Après la présentation officielle lors du dernier Nintendo Direct, Digital Foundry a partagé ses premières impressions concernant les performances du remake de Zelda : Ocarina of Time. L’analyse vidéo, actuellement accessible aux membres de la chaîne, révèle que le jeu fonctionne à une résolution native de 1080p et maintient un taux de rafraîchissement stable de 60 images par seconde durant la partie. Si la réalisation graphique sur la nouvelle console hybride de Nintendo est saluée, l’observateur technique regrette l’absence d’une technologie d’upscaling comme le DLSS pour améliorer davantage la netteté de l’image.

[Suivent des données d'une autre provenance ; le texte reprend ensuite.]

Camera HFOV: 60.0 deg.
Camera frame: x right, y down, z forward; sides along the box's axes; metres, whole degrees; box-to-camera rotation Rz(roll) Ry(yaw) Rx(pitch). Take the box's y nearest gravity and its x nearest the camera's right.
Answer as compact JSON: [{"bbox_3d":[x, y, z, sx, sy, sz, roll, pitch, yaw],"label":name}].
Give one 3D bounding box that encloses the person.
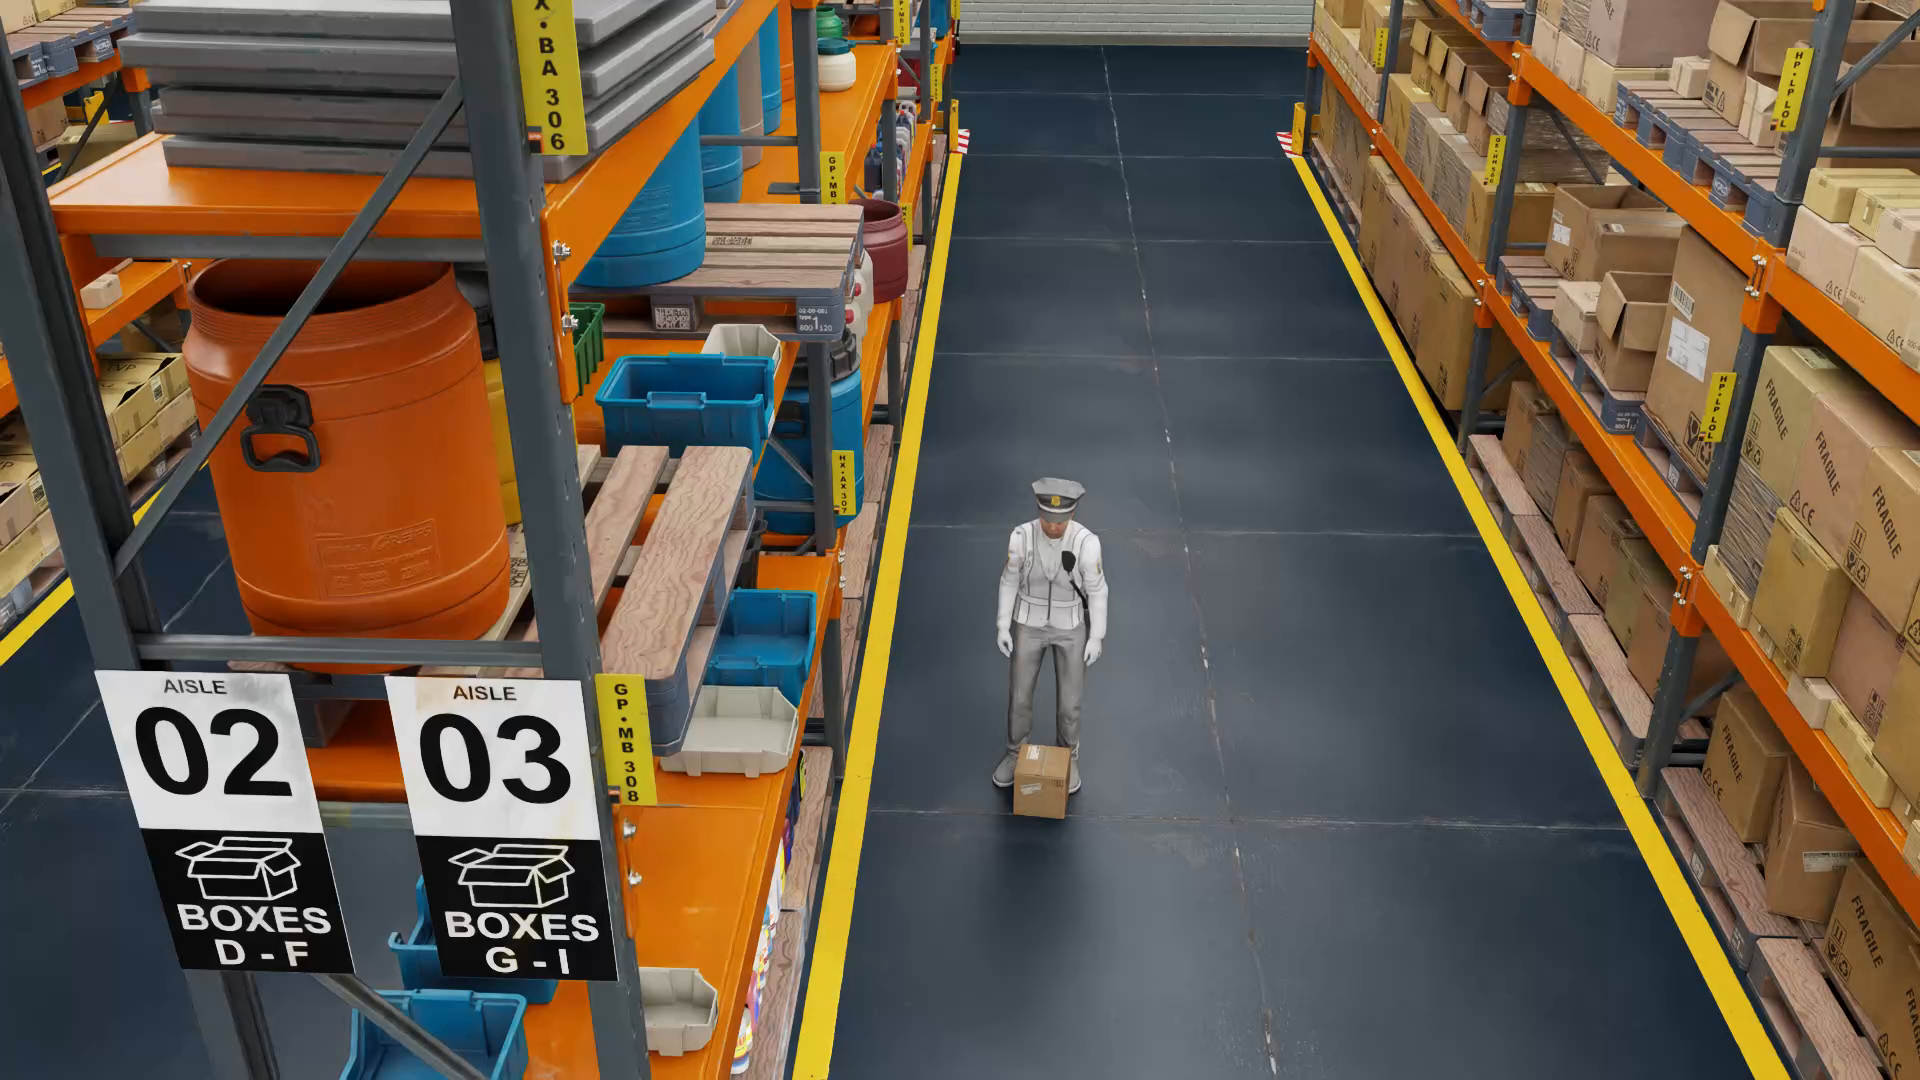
[{"bbox_3d":[0.437,0.446,8.006,0.529,1.663,0.375,5,29,9],"label":"person"}]

Un moteur graphique interne ou un partenaire ?
Des indices significatifs ont aussi poussé certains spectateurs à supposer que Nintendo avait intégré le moteur Unreal Engine 5 d’Epic Games. Cependant, Oliver Mackenzie, analyste chez Digital Foundry, suggère qu’il s’agit plutôt d’une solution développée en interne ou d’un moteur fourni par un partenaire. Monolith Soft, le studio ayant collaboré à des titres majeurs comme The Legend of Zelda : Tears of the Kingdom, apparaît comme un candidat probable pour cette réalisation technique.
Les prévisions de performances pour la sortie, prévue le 5 novembre, indiquent que le mode docké et potentiellement le mode portable plafonneront à une définition native de 1080p. Une exception notable est observée dans les menus, où l’affichage est rendu en 1440p. Cette fluidité de 60 fps lors de l’exploration de Hyrule semble réaliste, grâce à une optimisation supérieure à celle offerte par Unreal Engine 5. Ce taux de rafraîchissement représente le plus grand saut par rapport aux précédents opus de la série, qui étaient limités à 30 fps sur les consoles portables originales.
Le manque de DLSS pèse sur la qualité
D’un autre côté, Digital Foundry déplore à nouveau l’absence de DLSS dans les jeux first-party de la Switch 2. L’upscaling de Nvidia aurait pu résoudre certains problèmes de qualité d’image qui nuisent actuellement aux performances visuelles du remake. Les graphismes présentent souvent un aspect excessivement net, voire artificiel, particulièrement à la résolution de 1080p.
John Linneman, co-animateur aux côtés d’Oliver Mackenzie, partage cette observation, notant que Link apparaît excessivement brillant lors des gros plans. Les zones d’exploration ouverte sont également affectées par un flou tremblant sur la végétation, un artefact que même une implémentation basique du DLSS aurait pu minimiser. Malgré ces réserves techniques, les analystes restent impatients de voir davantage de séquences avant la sortie officielle. Il reste toutefois à déterminer si le mode portable de la Switch 2 affectera la stabilité du taux de rafraîchissement observé en mode docké.